Keyboard shortcuts

Press or to navigate between chapters

Press S or / to search in the book

Press ? to show this help

Press Esc to hide this help

Loop invariants

Note

The word “invariant” has a lot of different meanings in program verification. Even within Creusot, there are at least three unrelated meanings, and we avoid ambiguity by always qualifying the noun “invariant” accordingly:

  • Loop invariants, discussed in this chapter.
  • Type invariants.
  • Resource invariants, for separation logic reasoning about shared resources. In Creusot, we further distinguish “atomic invariants” and “non-atomic invariants”; see the module creusot_std::ghost::invariant.

When writing a loop (be it for, while or loop), you will generally need to specify a loop invariant, that is an assertion that stays true for the duration of the loop.

For example, consider the following program:

#[ensures(result == n)]
fn loop_add(n: u64) -> u64 {
    let mut total = 0;
    while total < n {
        total += 1;
    }
    total
}

This program needs a loop invariant: even though its proof seems obvious to us, it is not for Creusot. What Creusot knows is:

  • Any variable not referenced in the loop is unchanged at the end (here this is obvious because n is immutable, but it might be relevant in a more complicated program).
  • At the end of the loop, the loop condition is false: here total >= n.

We still need to know that total <= n to get result == n. Use the #[invariant] attribute to write loop invariants:

#[ensures(result == n)]
fn loop_add(n: u64) -> u64 {
    let mut total = 0;
    #[invariant(total <= n)]
    while total < n {
        total += 1;
    }
    total
}

This is now provable !

Like requires and ensures, invariant must contain a pearlite expression returning a boolean.

Verification conditions

The reason why loop invariants are useful is that they enable reducing the verification problem to verifying loop-free fragments of code.
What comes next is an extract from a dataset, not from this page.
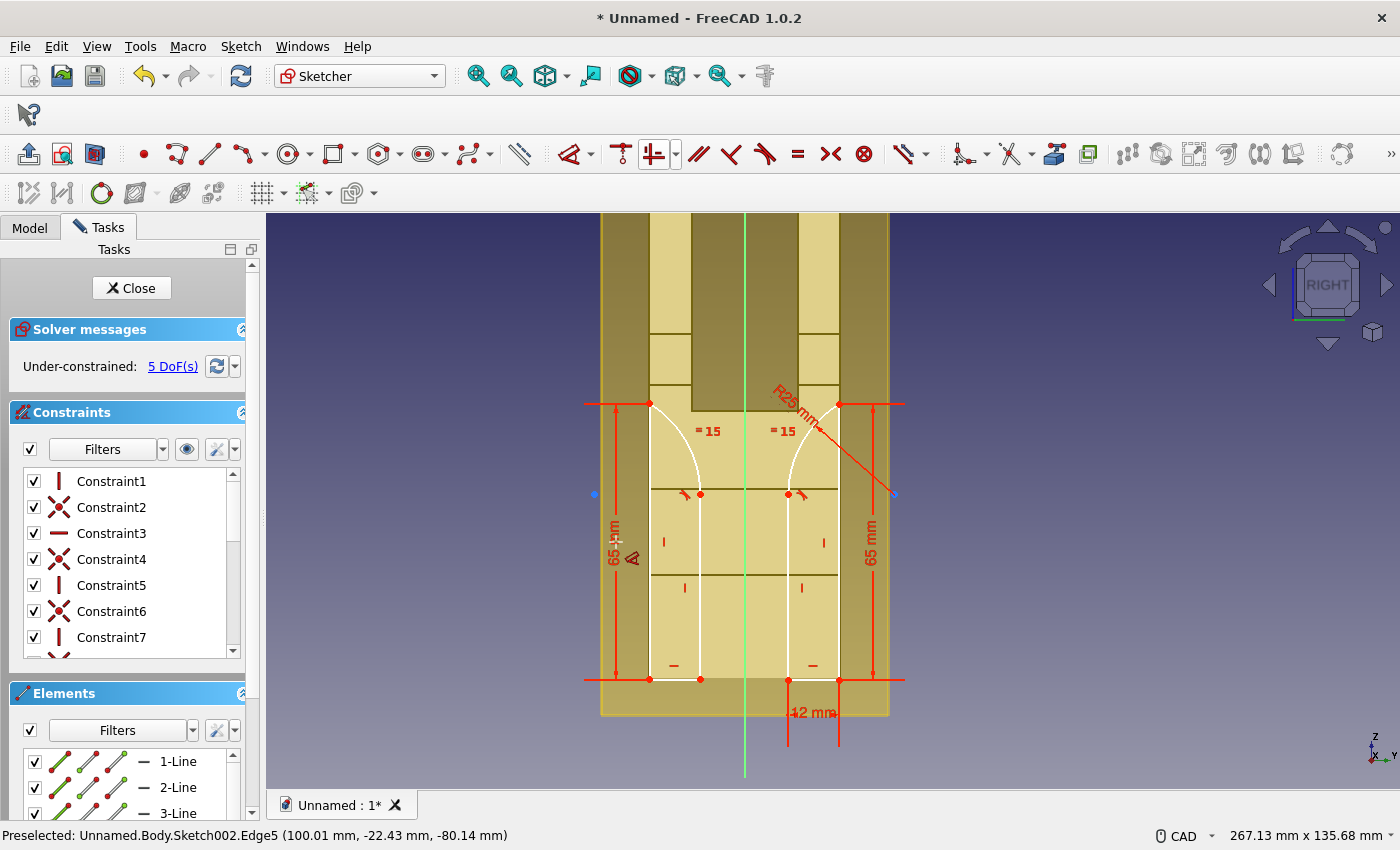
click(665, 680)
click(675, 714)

For example, consider a function with one while loop:

#[requires(PRE)]
#[ensures(POST(result))]
fn f(x: A) -> B {
    CODE_BEFORE_LOOP;
    #[invariant(INVARIANT)]
    while CONDITION {
        LOOP_BODY;
    }
    CODE_AFTER_LOOP
}

To prove that this function satisfies its contract, we only have to verify three simpler subprograms (here in pseudo-code).

  1. The code before the loop must establish the invariant, assuming the precondition.

    assume! { PRE }
CODE_BEFORE_LOOP;
assert! { INVARIANT }

  2. The loop body must preserve the invariant, assuming that the loop condition is true.

    assume! { INVARIANT && CONDITION }
LOOP_BODY
assert! { INVARIANT }

  3. The code after the loop must establish the postcondition, assuming that the invariant holds and the loop condition is false.

    assume! { INVARIANT && !CONDITION }
let result = { CODE_AFTER_LOOP };
assert! { POST(result) }

If you don’t provide a loop invariant, it defaults to true, and you are left with very little information to reason about the loop body and the code after the loop.

Note that this is an oversimplified example. As mentioned in the previous section, facts about variables that are not referenced by the loop body are automatically preserved and don’t need to be mentioned explicitly in the invariant.

for loop invariants: produced

Invariants of for loops have access to a special produced variable which contains the sequence of elements produced by the iterator, in a snapshot.

#[invariant(I)]
for PAT in ITER {
   BODY
}

The above desugars to the following, where produced is explicitly defined and in scope in I:

let mut it = ::std::iter::IntoIterator::into_iter(ITER);
let iter_old = snapshot! { it };
let mut produced = snapshot! { ::creusot_std::logic::Seq::empty() };
#[invariant(I)]
loop {
    match ::std::iter::Iterator::next(&mut it) {
        Some(elem) => {
            produced = snapshot! { produced.inner().concat(::creusot_std::logic::Seq::singleton(elem)) };
            let PAT = elem;
            BODY
        },
        None => break,
    }
}

Compiling with rustc

Make sure that functions that contain #[invariant(...)] attributes also have an #[ensures(...)] or #[requires(...)] attribute. You can always add #[ensures(true)] as a trivial contract.

That enables compilation (cargo build) with a stable Rust compiler, preventing the following error:

error[E0658]: attributes on expressions are experimental

Indeed, the #[invariant(...)] attribute on loops is only allowed by unstable features (stmt_expr_attributes, proc_macro_hygiene). For compatibility with stable Rust, the requires and ensures macros remove #[invariant(...)] attributes during normal compilation.